(Data excerpts)
:::
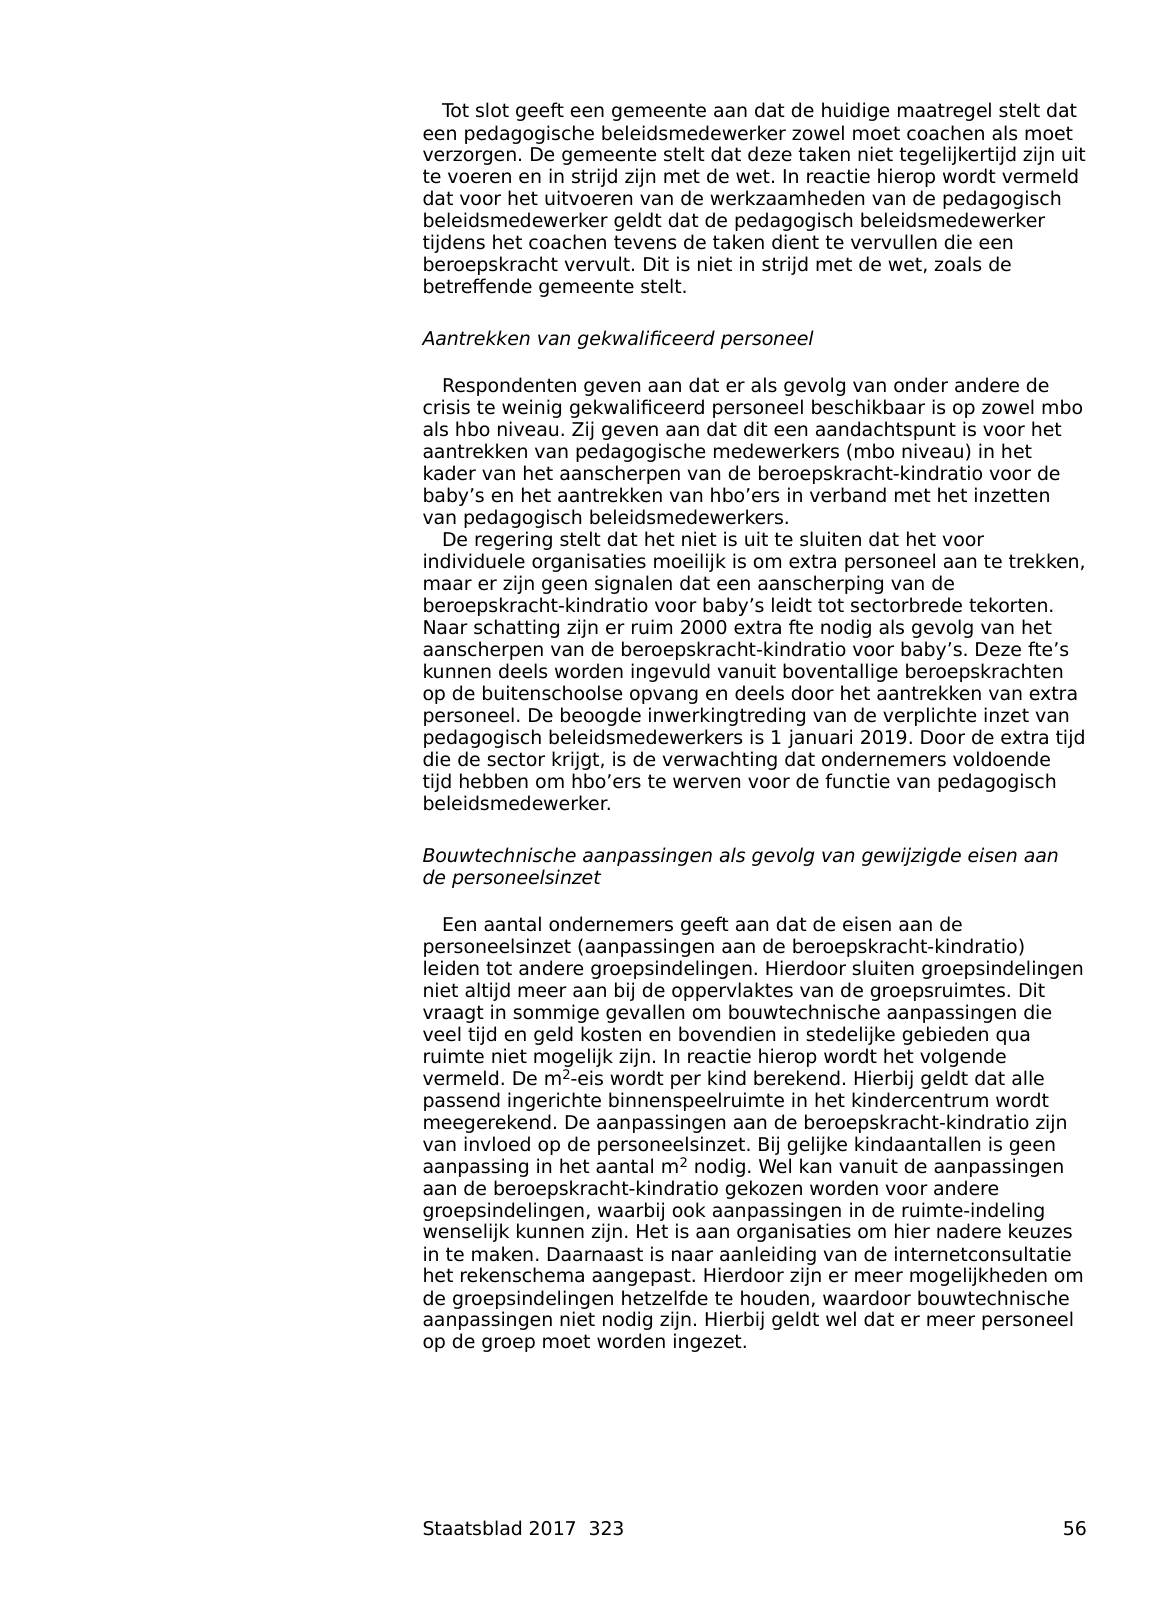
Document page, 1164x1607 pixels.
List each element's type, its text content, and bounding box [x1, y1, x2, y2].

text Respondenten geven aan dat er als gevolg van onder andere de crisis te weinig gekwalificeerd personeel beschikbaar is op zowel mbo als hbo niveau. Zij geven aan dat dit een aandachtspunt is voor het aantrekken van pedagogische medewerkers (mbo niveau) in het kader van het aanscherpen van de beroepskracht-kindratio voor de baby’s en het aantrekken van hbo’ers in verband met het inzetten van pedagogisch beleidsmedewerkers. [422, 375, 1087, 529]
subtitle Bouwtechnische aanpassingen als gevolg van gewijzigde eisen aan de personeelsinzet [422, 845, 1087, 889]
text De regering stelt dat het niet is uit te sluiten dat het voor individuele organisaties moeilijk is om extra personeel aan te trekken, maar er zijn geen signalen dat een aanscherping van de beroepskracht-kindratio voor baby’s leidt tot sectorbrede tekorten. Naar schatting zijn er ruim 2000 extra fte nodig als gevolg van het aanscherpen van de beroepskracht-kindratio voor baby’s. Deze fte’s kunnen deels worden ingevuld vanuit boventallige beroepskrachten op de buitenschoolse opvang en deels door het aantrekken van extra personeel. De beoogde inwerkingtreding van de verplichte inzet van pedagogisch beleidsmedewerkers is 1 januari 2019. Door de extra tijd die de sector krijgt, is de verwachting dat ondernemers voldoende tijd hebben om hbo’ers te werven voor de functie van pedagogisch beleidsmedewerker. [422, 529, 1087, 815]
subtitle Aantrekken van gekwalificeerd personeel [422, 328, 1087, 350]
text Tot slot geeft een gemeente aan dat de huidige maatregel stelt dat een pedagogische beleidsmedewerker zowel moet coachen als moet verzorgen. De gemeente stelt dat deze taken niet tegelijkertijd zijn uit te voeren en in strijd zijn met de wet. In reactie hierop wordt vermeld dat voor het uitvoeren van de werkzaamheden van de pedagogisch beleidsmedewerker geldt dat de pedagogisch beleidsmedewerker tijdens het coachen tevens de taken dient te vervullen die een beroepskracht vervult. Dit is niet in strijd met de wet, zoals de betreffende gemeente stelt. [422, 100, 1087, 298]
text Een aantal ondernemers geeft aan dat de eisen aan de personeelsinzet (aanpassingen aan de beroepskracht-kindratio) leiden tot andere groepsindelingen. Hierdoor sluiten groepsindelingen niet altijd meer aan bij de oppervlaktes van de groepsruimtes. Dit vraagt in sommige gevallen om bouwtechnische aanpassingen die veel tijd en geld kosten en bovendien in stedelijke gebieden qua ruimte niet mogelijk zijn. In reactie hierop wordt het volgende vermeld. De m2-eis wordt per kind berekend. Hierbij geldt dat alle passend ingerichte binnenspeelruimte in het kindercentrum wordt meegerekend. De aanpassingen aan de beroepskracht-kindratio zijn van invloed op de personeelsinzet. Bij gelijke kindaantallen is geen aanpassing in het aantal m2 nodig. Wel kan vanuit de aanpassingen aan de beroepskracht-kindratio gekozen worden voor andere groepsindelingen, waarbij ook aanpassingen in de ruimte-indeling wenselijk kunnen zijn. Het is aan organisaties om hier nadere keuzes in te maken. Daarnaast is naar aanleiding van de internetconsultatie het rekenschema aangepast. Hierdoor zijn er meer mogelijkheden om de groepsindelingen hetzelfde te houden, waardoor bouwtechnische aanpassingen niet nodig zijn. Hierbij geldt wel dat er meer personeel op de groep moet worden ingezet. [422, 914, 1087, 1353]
:::
— ASSIGNED TASK —
Leave the pictures out, and restate exactly the lines from the start of the records through the one that contains "subtitle Aantrekken van".

— ANSWER BOX —
Document page, 1164x1607 pixels.
List each element's type, its text content, and bounding box [x1, y1, x2, y2].

text Respondenten geven aan dat er als gevolg van onder andere de crisis te weinig gekwalificeerd personeel beschikbaar is op zowel mbo als hbo niveau. Zij geven aan dat dit een aandachtspunt is voor het aantrekken van pedagogische medewerkers (mbo niveau) in het kader van het aanscherpen van de beroepskracht-kindratio voor de baby’s en het aantrekken van hbo’ers in verband met het inzetten van pedagogisch beleidsmedewerkers. [422, 375, 1087, 529]
subtitle Bouwtechnische aanpassingen als gevolg van gewijzigde eisen aan de personeelsinzet [422, 845, 1087, 889]
text De regering stelt dat het niet is uit te sluiten dat het voor individuele organisaties moeilijk is om extra personeel aan te trekken, maar er zijn geen signalen dat een aanscherping van de beroepskracht-kindratio voor baby’s leidt tot sectorbrede tekorten. Naar schatting zijn er ruim 2000 extra fte nodig als gevolg van het aanscherpen van de beroepskracht-kindratio voor baby’s. Deze fte’s kunnen deels worden ingevuld vanuit boventallige beroepskrachten op de buitenschoolse opvang en deels door het aantrekken van extra personeel. De beoogde inwerkingtreding van de verplichte inzet van pedagogisch beleidsmedewerkers is 1 januari 2019. Door de extra tijd die de sector krijgt, is de verwachting dat ondernemers voldoende tijd hebben om hbo’ers te werven voor de functie van pedagogisch beleidsmedewerker. [422, 529, 1087, 815]
subtitle Aantrekken van gekwalificeerd personeel [422, 328, 1087, 350]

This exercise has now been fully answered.